Meghan Hildebrand, forever your friend, Dab Gallery, (532 1/2 Fisgard St., Suite 6, Dragon Alley, 250-590-2788, www.dbgallery.com), until May 30. Dab Gallery is in Dragon Alley, just off Fisgard Street, deep in Chinatown.

Meghan Hildebrand, forever your friend, Dab Gallery, (532 1/2 Fisgard St., Suite 6, Dragon Alley, 250-590-2788, www.dbgallery.com), until May 30.

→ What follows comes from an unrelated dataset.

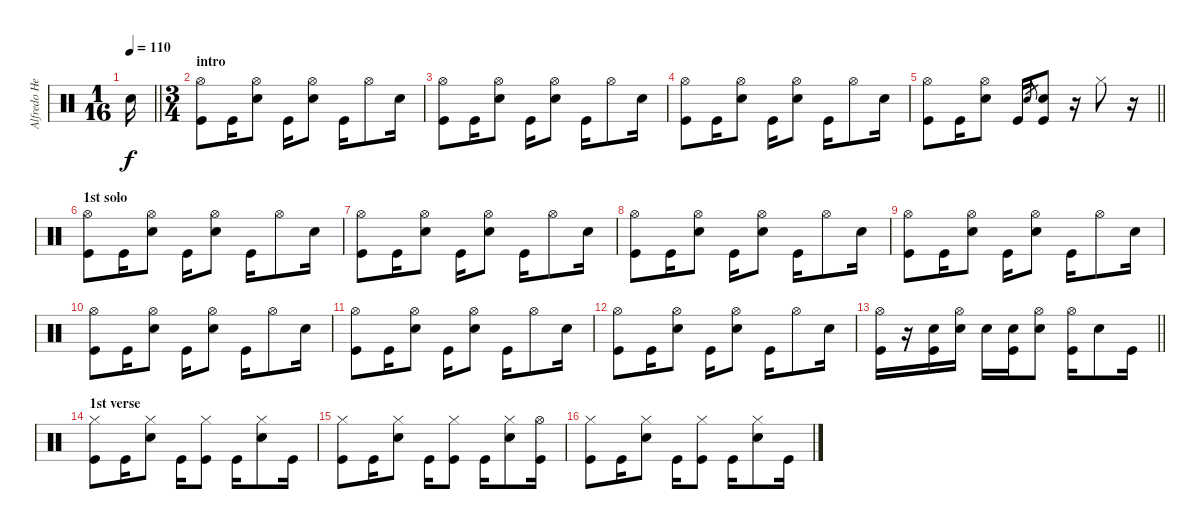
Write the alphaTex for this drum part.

Dab Gallery is in Dragon Alley, just off Fisgard Street, deep in Chinatown. The live/work condos there are a recent development of an ancient tenement. The charming gallery is the ground floor of one, and is smaller than most living rooms. There I saw Meghan Hildebrand's mixed-media paintings, and spoke with the artist about her childhood.

"It was magic!" she remembered. Meghan Hildebrand grew up in Whitehorse in the Yukon. Her mother, Dereen Hildebrand, was a "jack-of-all-trades" artist who, as a teenager took "any way out" of Victoria.

She got an enriched education in the 1970s at the Kootenay School of Art in Nelson and travelled to the Yukon. The first five years of Meghan's life were spent with her mom in a little trailer.

"It was beautiful. I have had an easel as long as I can remember. We painted murals on the doors. How my mom managed a sign-painting business out of the trailer I can't imagine," Hildebrand mused.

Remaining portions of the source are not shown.